C’est lorsque «The Falling» joue sur ce territoire que le film prend son envol. Il y a une réelle densité thématique ici, et au mieux, il refuse de donner des réponses simples, se délectant des sentiments complexes et contradictoires qui accompagnent la croissance. C'est un film d'ambiance et d'humeur, et sa qualité troublante est difficile à secouer, des heures et des jours après le générique. Morley's a de nouveau trouvé du matériel fascinant dans lequel creuser, et son scénario texturé et nuancé offre beaucoup à mâcher.

Et pourtant, le film finit par prendre la voie de la facilité, descendant dans une sorte de mélodrame familial plus familier, avec une tournure hackneyed qui donne l'impression d'être entièrement extrait d'un film différent. La direction peut aussi parfois sembler bon marché.
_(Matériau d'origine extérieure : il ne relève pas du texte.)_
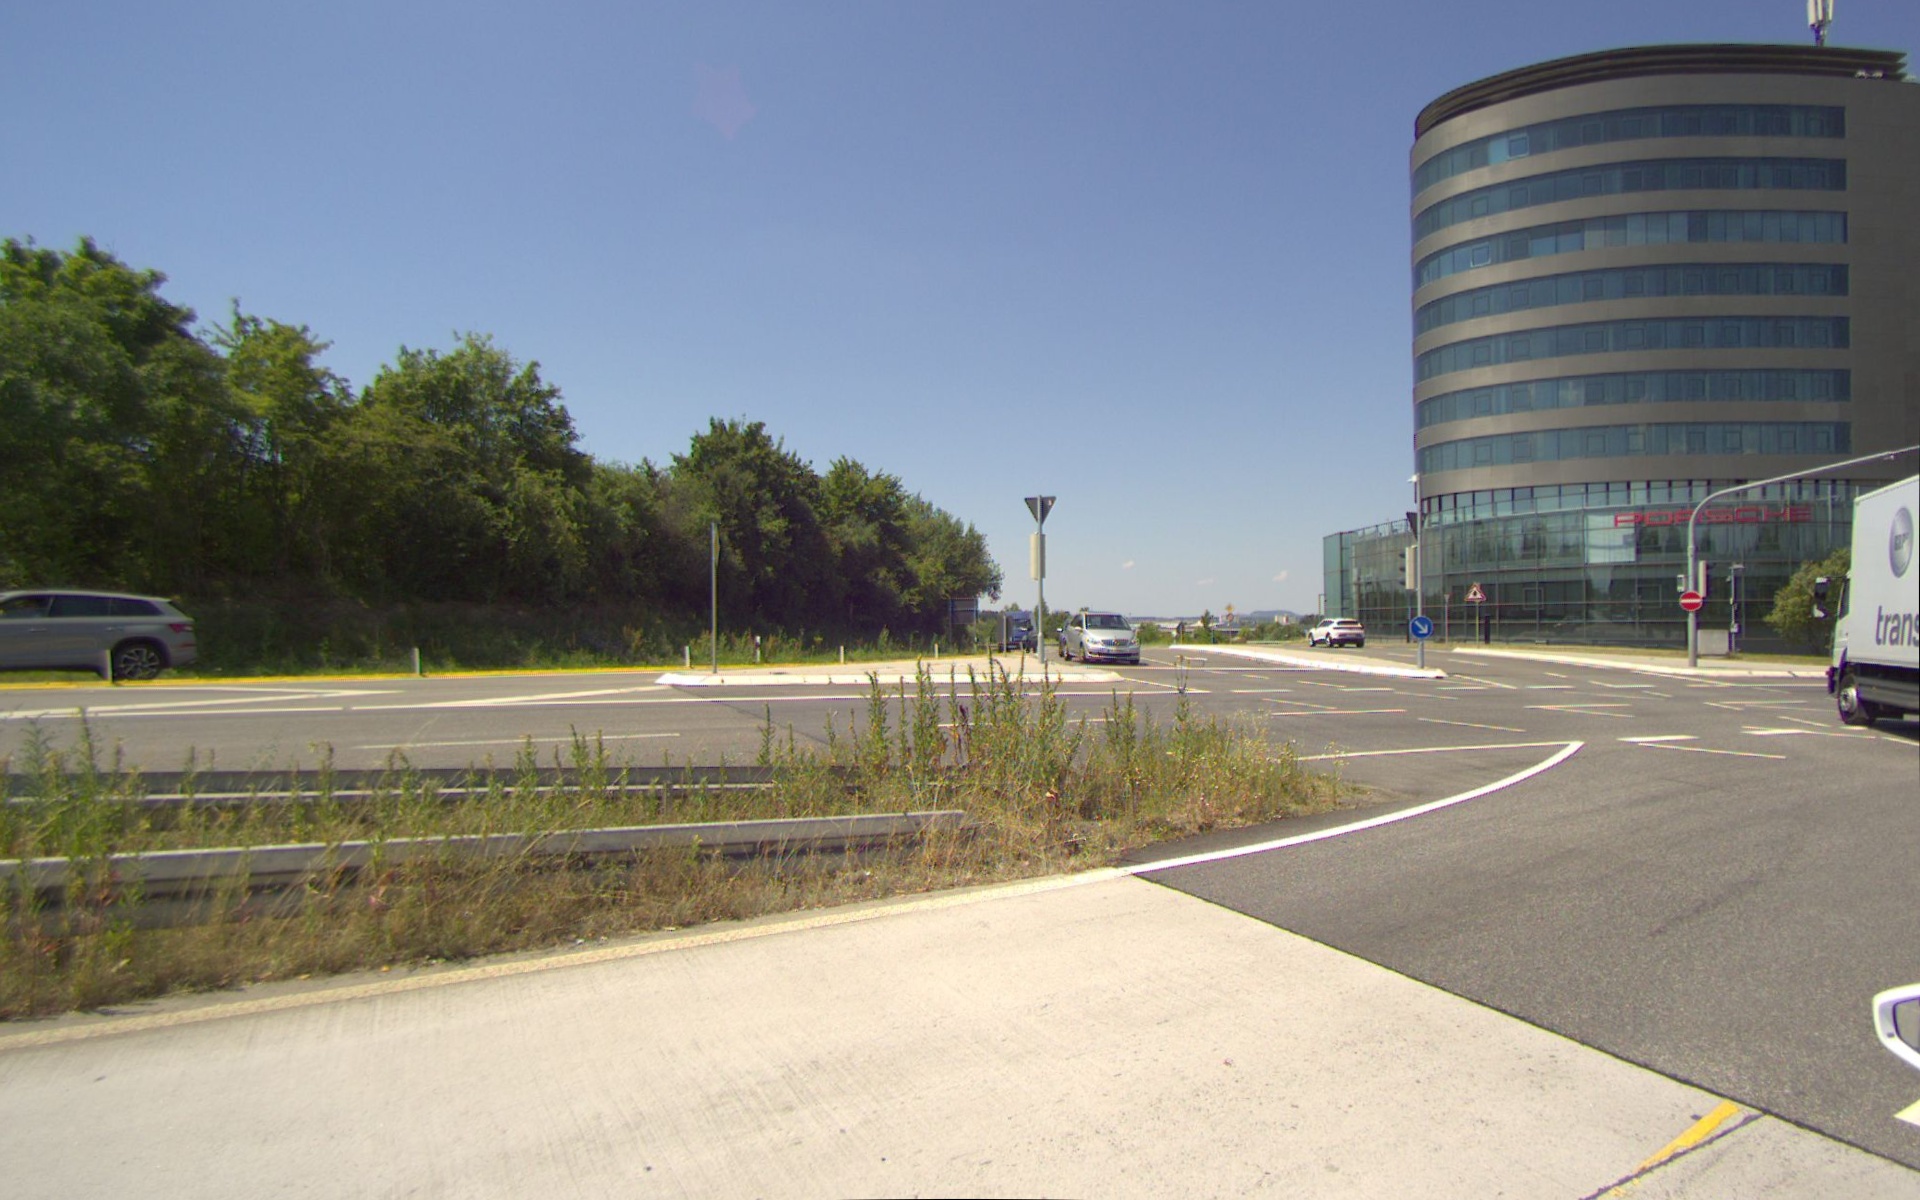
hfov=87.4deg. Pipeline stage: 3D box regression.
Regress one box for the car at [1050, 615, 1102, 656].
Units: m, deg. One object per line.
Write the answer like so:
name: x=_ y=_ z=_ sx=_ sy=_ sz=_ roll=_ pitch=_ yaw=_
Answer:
car: x=4.504 y=1.422 z=39.611 sx=1.663 sy=1.475 sz=4.332 roll=2 pitch=-3 yaw=2

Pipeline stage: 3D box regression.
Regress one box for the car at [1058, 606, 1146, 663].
car: x=4.365 y=1.098 z=31.495 sx=1.743 sy=1.616 sz=4.327 roll=2 pitch=-3 yaw=-6

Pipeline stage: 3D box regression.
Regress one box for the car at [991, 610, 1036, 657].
car: x=3.417 y=2.041 z=62.838 sx=2.024 sy=2.740 sz=5.900 roll=2 pitch=-1 yaw=10

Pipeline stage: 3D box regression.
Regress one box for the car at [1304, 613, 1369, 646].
car: x=19.667 y=1.512 z=52.609 sx=1.773 sy=1.577 sz=3.999 roll=2 pitch=-1 yaw=-2

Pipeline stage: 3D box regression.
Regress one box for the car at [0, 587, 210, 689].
car: x=-16.483 y=0.646 z=17.913 sx=1.969 sy=1.715 sz=4.638 roll=1 pitch=-1 yaw=38

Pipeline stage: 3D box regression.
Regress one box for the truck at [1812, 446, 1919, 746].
truck: x=14.128 y=-0.027 z=13.195 sx=2.729 sy=3.911 sz=9.354 roll=1 pitch=-1 yaw=30
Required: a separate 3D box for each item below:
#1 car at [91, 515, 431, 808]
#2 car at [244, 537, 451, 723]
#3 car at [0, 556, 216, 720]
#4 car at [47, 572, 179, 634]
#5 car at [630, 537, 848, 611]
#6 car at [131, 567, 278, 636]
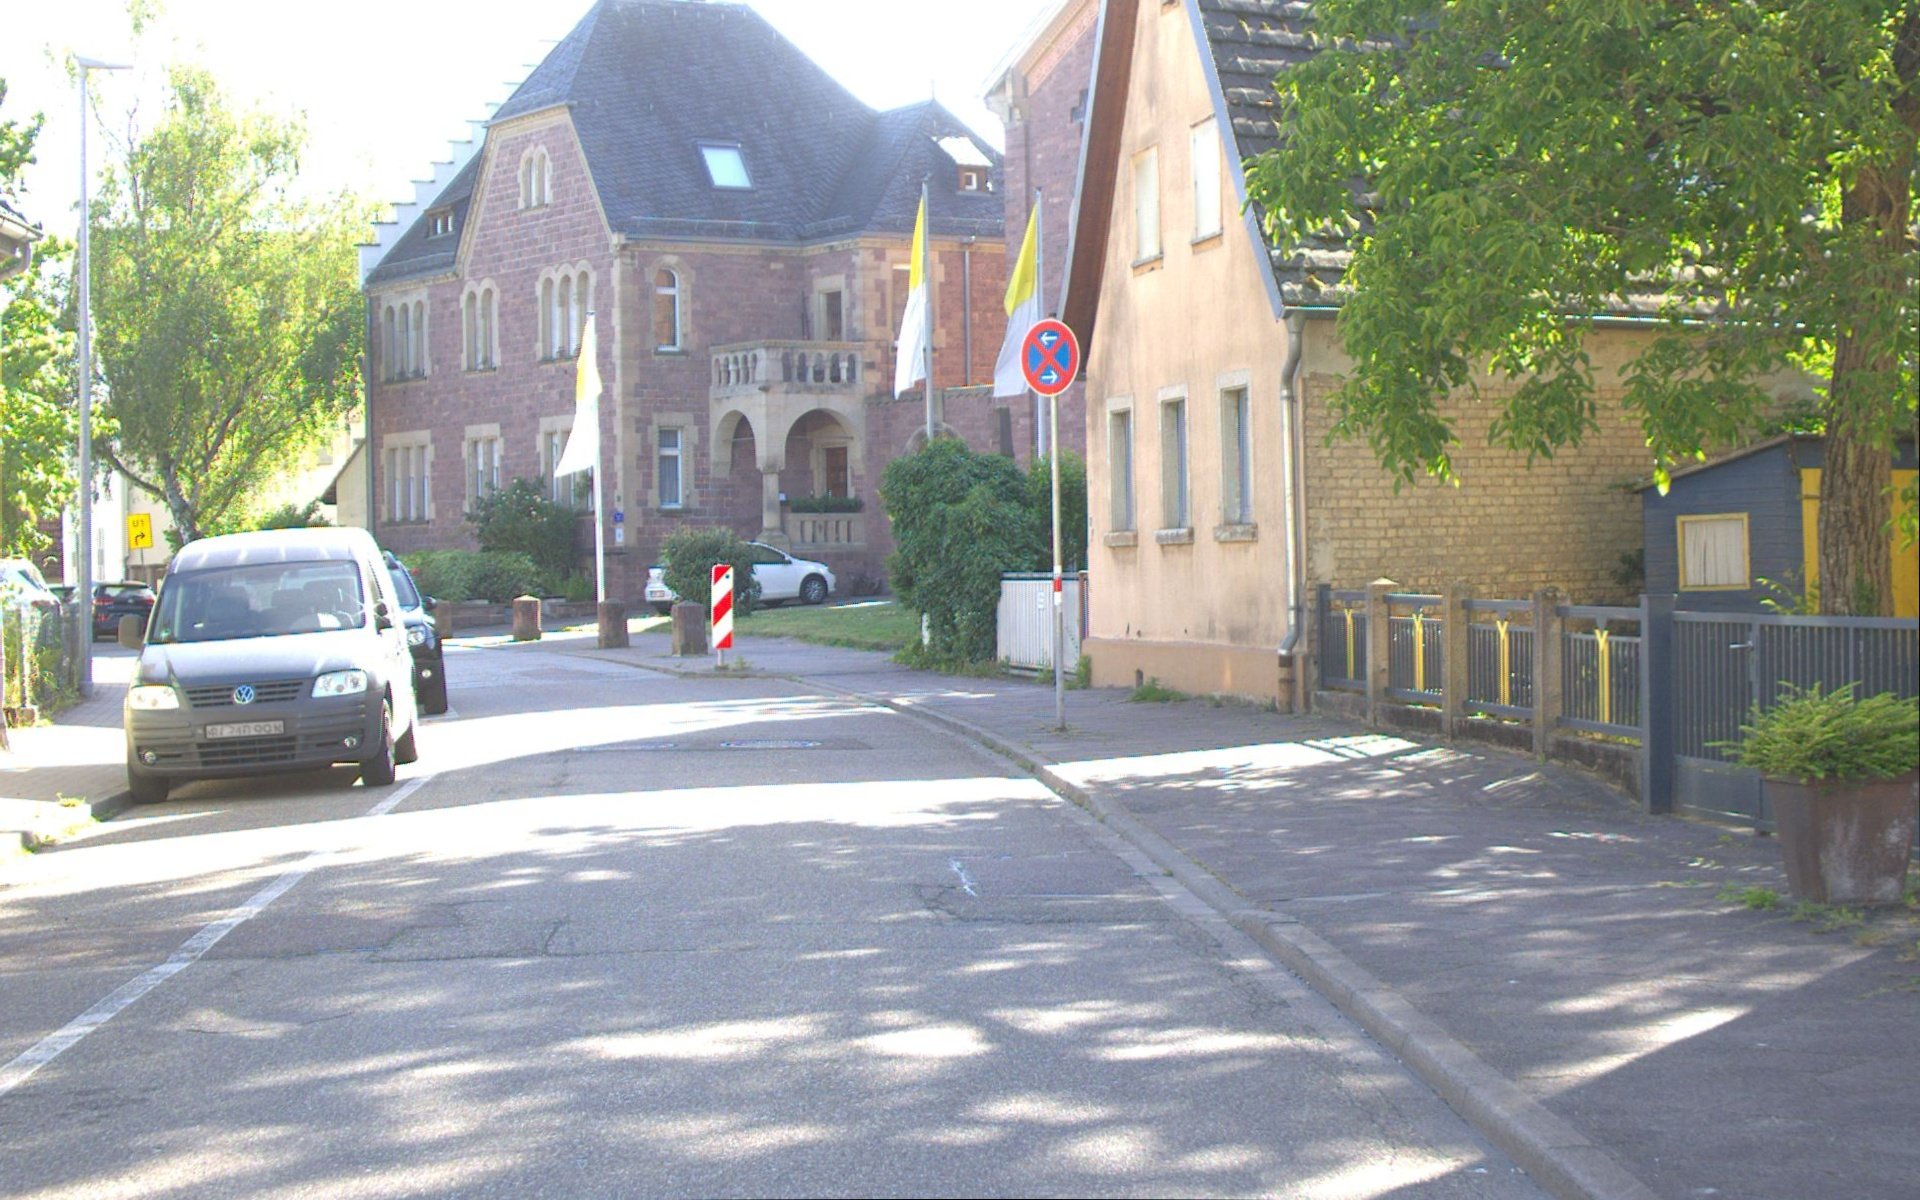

Ces coupes iMovie qui attirent l'attention dès le début se sentent discordantes (pour ne rien dire de la partition de Tout sauf la fille's Tracey Thorn, qui se détache comme un pouce endolori), et la photographie, par Claire Denis régulier Agnes Godard, est décevant et numériquement plat.

Morley fait assez de bien pour que vous puissiez surtout oublier les mauvais. Le casting en particulier est une aubaine pour le film. Williams confirme ce que nous avons tous appris de 'Game Of Thrones' ces dernières années, qu'elle est un talent majeur à surveiller, tandis que Pugh est une vraie trouvaille, et Peake, Scacchi, nouveau venu Morfydd Clark, et particulièrement Joe Cole, tous font un travail solide à l'appui. Mais c'est quand même un peu frustrant dans son ensemble. Chaque fois que l'image ouvre une porte fascinante, vous êtes empêché de passer par un choix de réalisateur ou un mouvement d'histoire par cœur. Ce n'est pas le pas que nous espérions de Morley cette fois-ci en tant que tel, mais il y en a aussi assez ici pour nous assurer que nous continuerons à faire attention où qu'elle aille d'ici. [B-]

Ceci est une réimpression de notre critique du BFI London Film Festival 2014.